William Topaz McGonagall 1825 – 1902 (Greyfriars Parish, Edinburgh)

Beautiful city of Edinburgh!
Where the tourist can drown his sorrow
By viewing your monuments and statues fine
During the lovely summer-time.
I'm sure it will his spirits cheer
As Sir Walter Scott's monument he draws near,
That stands in East Prince's Street
Amongst flowery gardens, fine and neat.

And Edinburgh Castle is magnificent to be seen
With its beautiful walks and trees so green,
Which seems like a fairy dell;
And near by its rocky basement is St Margaret's Well,
Where the tourist can drink at when he feels dry,
And view the castle from beneath so very high,
Which seems almost towering to the sky.

Then as for Nelson's monument that stands on Calton Hill,
As the tourist gazes thereon, with wonder his heart does fill
As he thinks on Admiral Nelson who did the Frenchmen kill,
Then, as for Salisbury Crags, they are most beautiful to be seen,
Especially in the month of June, when the grass is green;
There numerous mole-hills can be seen,
And the busy little creatures howking away,
Searching for worms among the clay;
And as the tourist's eye does wander to and fro
From the south side of Salisbury Crags below,
His bosom with admiration feels all aglow
As he views the beautiful scenery in the valley below;
And if, with an observant eye, the little loch beneath he scans,
He can see the wild ducks about and beautiful white swans.

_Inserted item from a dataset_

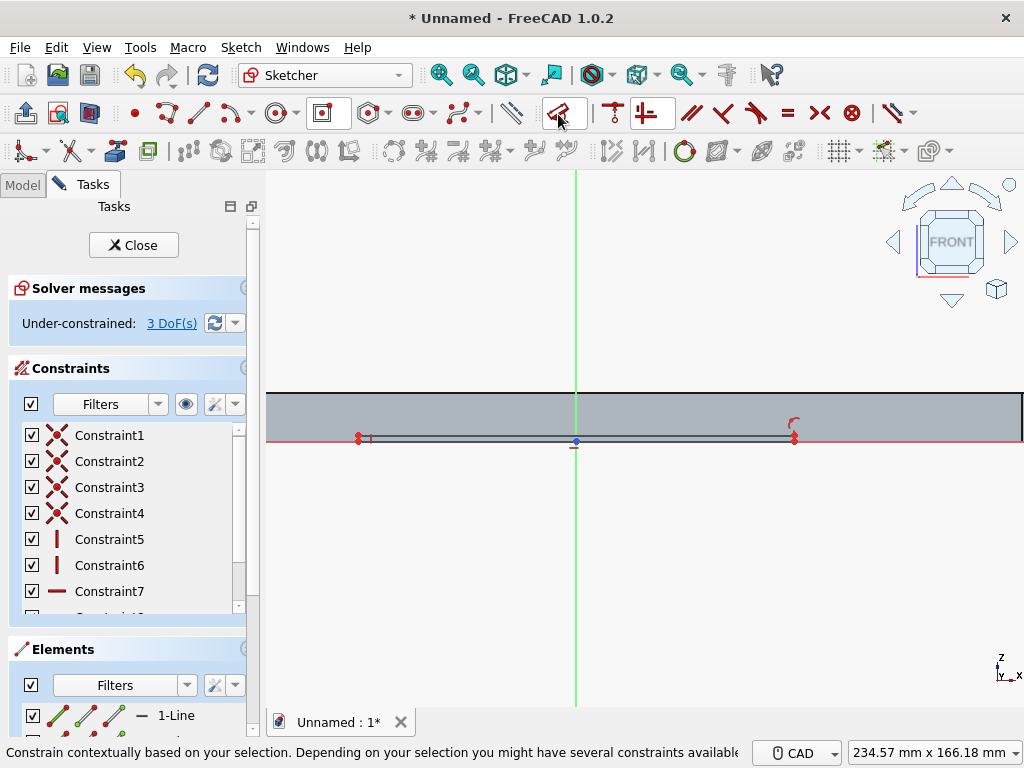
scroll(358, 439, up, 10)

Then, as for Arthur's Seat, I'm sure it is a treat
Most worthy to be seen, with its rugged rocks and pastures green,
And the sheep browsing on its sides
To and fro, with slow-paced strides,
And the little lambkins at play
During the livelong summer day,
Beautiful city of Edinburgh! the truth to express,
Your beauties are matchless I must confess,
And which no one dare gainsay,
But that you are the grandest city in Scotland at the present day!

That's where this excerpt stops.